Was the lobster population healthy or not?

For answers, the University of Maine and Maine Department of Marine Resources (DMR) turned to Yong Chen.

"My work is like being an ecological detective," says Chen, a fisheries population dynamics researcher who came to UMaine in 2000 from Memorial University of Newfoundland. "You collect data from wherever you can and try to create a story about why species numbers are changing. From there, you can estimate what kind of impact fishing would have on a population."
Chen has analyzed fish populations in Canada, Australia and China, but the stock assessment needs in the northeastern U.S. are different, he says.

"In many ways, they were behind the times," he says. "On the West Coast, in Australia, they were using newer technology and methods. And there was this history of problems because the assessment of lobster kept predicting overfishing. So I came at the right time, because people were ready for something new."

Counting lobsters is no trivial matter. Lobster is one of the most valuable fisheries in the U.S., generating $350 million each year, and Maine's 7,000 license holders bring in about 75 percent of all the lobsters landed in this country.

Chen's first task was to identify potential problems with the existing stock assessment. One concern was that the model used only one source of survey data, which didn't include the range of lobster sizes and ages.

Many marine stock assessments are age-based, taking into account the proportion of older and younger fish in a given population. But lobsters, like most invertebrates, do not have the ear bones and scales that record growth over the years.

Chen developed a new computer model based on lobster size that accounted for many factors, including seasonal patterns and lobster
biology. Different management scenarios can be plugged into the model to predict results of different fishing activities, such as v-notching.

Before, v-notching (the practice of fishermen marking reproductive female lobsters with a v-shaped notch in their tails and not keeping any such marked lobsters in their catch) was undocumented and unsupported by the government and fisheries scientists. Chen's models have helped confirm that v-notching has made a difference in the lobster fishery by protecting reproductive stocks, says Carl Wilson, a DMR lobster biologist.


Fisheries population dynamics is a complex and sophisticated field. In the Northeast, only two or three people are familiar with these models and use them on a routine basis, says Larry Jacobson, a biologist with the National Marine Fisheries Service.

Whether modeling population dynamics of lobsters, Jonah crabs, seaurchins, sea cucumbers, groundfish or marine worms, Chen must work with limited surveys conducted by the state and federal governments, and the catch reported by harvesters.

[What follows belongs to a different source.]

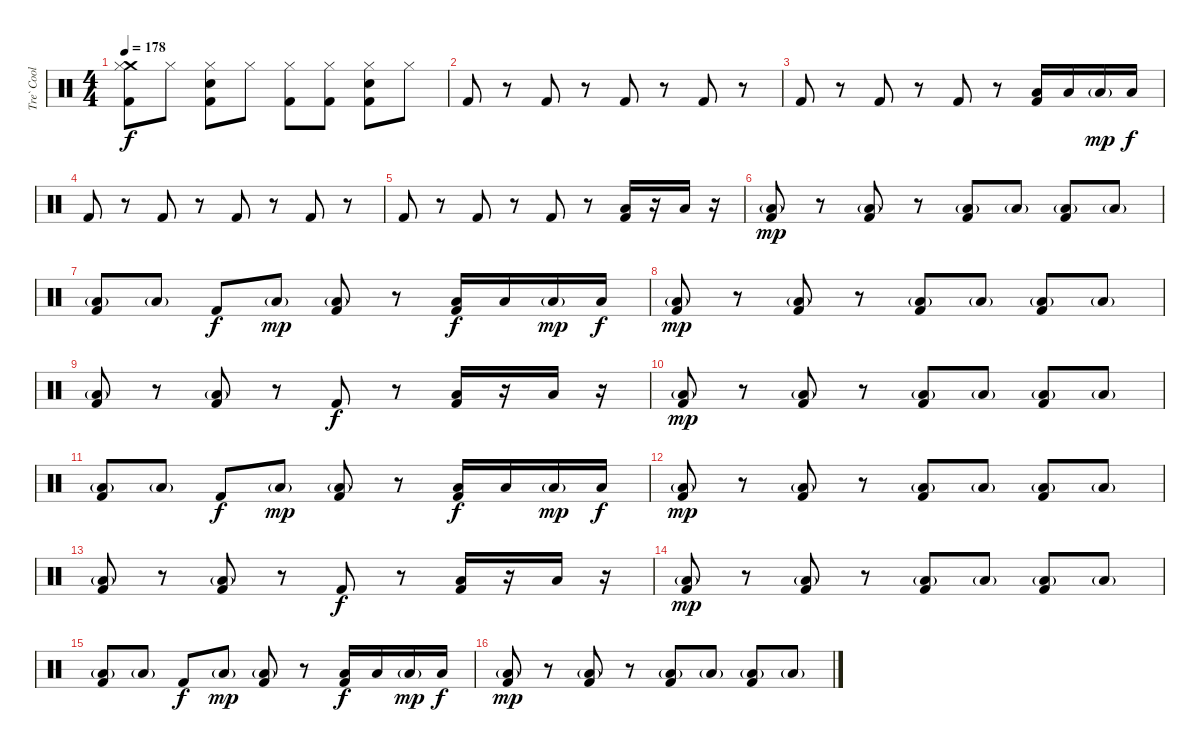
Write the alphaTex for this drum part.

The more information Chen has about a species and its environment, the better he can build his computer model, but there is always some negative space. To fill in the gaps, he uses various statistics that let him assume certain situations.

The lobster stock assessment model developed by Chen, Wilson, Jacobson and postdoctoral researcher Minoru Kanaiwa endured rigorous review for years before the Atlantic States Marine Fisheries Commission adopted it for the 2008 lobster assessment. Chen's tool will be used to assess all the lobster stocks in the United States.

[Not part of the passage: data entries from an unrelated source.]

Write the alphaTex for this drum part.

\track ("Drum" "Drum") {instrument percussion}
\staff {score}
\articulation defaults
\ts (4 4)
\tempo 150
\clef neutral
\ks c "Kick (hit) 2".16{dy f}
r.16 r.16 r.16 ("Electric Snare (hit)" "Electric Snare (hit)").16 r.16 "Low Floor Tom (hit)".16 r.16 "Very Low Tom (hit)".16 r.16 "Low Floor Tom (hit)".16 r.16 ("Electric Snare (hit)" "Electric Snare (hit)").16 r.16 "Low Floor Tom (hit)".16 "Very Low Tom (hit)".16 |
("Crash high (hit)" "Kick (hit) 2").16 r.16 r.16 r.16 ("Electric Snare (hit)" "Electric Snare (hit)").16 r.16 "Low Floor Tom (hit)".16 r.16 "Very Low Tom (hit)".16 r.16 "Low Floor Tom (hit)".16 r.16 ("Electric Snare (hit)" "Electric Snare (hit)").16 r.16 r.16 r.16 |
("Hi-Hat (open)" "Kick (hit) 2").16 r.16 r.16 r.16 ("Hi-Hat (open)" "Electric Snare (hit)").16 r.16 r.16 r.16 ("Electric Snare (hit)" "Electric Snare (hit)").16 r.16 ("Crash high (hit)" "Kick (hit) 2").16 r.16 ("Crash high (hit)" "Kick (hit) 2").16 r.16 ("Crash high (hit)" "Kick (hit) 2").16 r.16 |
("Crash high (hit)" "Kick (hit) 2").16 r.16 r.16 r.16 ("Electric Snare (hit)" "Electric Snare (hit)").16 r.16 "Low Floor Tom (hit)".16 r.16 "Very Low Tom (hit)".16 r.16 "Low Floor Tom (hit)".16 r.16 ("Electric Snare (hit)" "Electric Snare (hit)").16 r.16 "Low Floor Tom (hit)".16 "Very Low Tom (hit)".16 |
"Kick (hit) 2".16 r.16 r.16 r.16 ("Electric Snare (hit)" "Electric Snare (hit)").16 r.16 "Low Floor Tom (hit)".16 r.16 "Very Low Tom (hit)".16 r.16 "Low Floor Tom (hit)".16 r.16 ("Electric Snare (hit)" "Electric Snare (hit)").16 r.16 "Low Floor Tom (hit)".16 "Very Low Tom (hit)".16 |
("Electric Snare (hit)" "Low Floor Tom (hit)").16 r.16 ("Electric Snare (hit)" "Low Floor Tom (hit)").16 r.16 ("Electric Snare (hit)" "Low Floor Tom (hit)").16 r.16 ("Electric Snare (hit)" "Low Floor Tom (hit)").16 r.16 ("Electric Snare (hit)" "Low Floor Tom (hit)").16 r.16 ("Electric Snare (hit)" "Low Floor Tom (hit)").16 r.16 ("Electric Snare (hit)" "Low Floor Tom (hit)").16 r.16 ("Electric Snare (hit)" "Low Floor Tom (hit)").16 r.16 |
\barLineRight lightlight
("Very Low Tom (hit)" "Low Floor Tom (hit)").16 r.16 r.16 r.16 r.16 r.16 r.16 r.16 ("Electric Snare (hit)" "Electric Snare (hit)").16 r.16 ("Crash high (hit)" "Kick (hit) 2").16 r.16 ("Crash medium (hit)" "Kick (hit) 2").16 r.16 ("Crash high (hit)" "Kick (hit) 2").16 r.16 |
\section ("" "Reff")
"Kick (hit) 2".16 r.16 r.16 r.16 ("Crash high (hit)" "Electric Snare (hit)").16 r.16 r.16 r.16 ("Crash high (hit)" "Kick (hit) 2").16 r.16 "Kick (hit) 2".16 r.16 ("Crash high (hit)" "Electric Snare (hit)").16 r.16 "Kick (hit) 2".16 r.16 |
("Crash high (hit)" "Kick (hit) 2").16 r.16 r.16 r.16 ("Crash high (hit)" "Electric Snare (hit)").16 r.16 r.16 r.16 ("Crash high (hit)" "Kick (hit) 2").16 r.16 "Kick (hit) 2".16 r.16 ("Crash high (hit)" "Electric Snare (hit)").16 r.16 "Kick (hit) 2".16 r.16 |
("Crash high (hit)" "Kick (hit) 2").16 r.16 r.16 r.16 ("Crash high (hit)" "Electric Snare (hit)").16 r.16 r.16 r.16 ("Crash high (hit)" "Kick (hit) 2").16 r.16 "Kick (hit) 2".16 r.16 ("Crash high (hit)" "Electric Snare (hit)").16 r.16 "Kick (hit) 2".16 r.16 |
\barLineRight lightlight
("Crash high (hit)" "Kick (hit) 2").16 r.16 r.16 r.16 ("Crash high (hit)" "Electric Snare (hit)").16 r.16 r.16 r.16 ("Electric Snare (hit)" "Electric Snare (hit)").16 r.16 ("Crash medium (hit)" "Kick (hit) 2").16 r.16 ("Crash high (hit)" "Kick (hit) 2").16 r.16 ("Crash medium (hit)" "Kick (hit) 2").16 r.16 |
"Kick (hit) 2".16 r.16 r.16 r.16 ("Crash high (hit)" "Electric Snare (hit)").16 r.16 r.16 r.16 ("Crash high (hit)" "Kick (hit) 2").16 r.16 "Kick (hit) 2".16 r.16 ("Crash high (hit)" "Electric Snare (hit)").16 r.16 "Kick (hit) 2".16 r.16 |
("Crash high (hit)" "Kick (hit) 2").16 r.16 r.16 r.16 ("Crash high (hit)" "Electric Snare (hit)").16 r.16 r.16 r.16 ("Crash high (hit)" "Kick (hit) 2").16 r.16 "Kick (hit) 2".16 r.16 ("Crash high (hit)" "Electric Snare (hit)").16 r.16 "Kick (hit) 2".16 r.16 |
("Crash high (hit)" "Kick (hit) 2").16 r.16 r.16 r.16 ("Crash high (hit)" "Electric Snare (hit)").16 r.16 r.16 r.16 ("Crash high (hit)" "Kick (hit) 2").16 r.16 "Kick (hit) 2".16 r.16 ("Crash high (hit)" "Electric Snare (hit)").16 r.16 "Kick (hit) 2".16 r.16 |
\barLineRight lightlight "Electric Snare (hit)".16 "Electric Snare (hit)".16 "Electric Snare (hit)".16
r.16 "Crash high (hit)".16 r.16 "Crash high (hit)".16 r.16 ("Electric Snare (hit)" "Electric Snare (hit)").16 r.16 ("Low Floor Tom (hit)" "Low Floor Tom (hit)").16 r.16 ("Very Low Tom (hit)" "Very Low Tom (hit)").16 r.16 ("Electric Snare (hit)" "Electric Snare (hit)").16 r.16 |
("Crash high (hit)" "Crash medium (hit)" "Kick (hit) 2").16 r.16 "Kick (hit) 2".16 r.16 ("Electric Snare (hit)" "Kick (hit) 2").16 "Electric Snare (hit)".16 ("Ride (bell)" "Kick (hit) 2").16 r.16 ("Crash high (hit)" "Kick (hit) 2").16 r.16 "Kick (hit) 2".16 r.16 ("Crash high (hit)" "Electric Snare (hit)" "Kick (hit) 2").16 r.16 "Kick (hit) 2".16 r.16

Because the model is so complicated, Chen is developing a user-friendly version for biologists and fishermen. Ph.D. student Michael Errigo is doing further testing, funded by a three-year fellowship from the National Marine Fisheries Service, the National Sea Grant College Program and UMaine.

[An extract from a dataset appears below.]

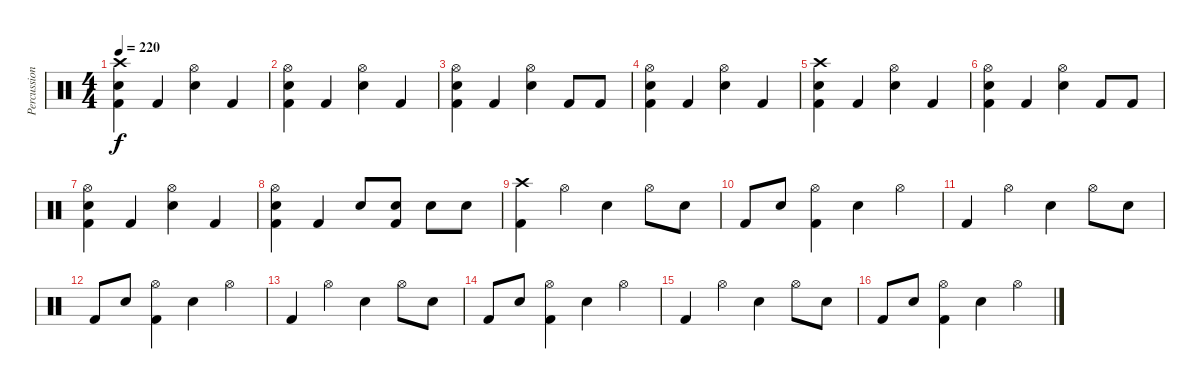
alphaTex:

The rigors of Chen's field and his work require that people trust him. "What Yong and his lab have been able to do, in a remarkably unconfrontational way, is to introduce new methods and ways to evaluate how we assess lobster stocks. He is cutting edge in his field," says Wilson.

For Chen, the key is in working closely with managers and biologists, and attending government meetings to get input. He also maintains a global perspective as an adjunct professor at both Central China Agricultural University and Shanghai Fisheries University, and a visiting professor at National Taiwan University. He served as a consultant to the United Nations, studying the impacts of the Gulf War on the fisheries of the Middle East.

"Trust-building is a long process, but it works," he says.


More models are needed for more fisheries, which will require more experts like Chen. But with a shortage of well-trained people with technical fisheries expertise, one of Chen's critical responsibilities is in preparing the next generation of marine scientists in fisheries dynamics, says Jacobson.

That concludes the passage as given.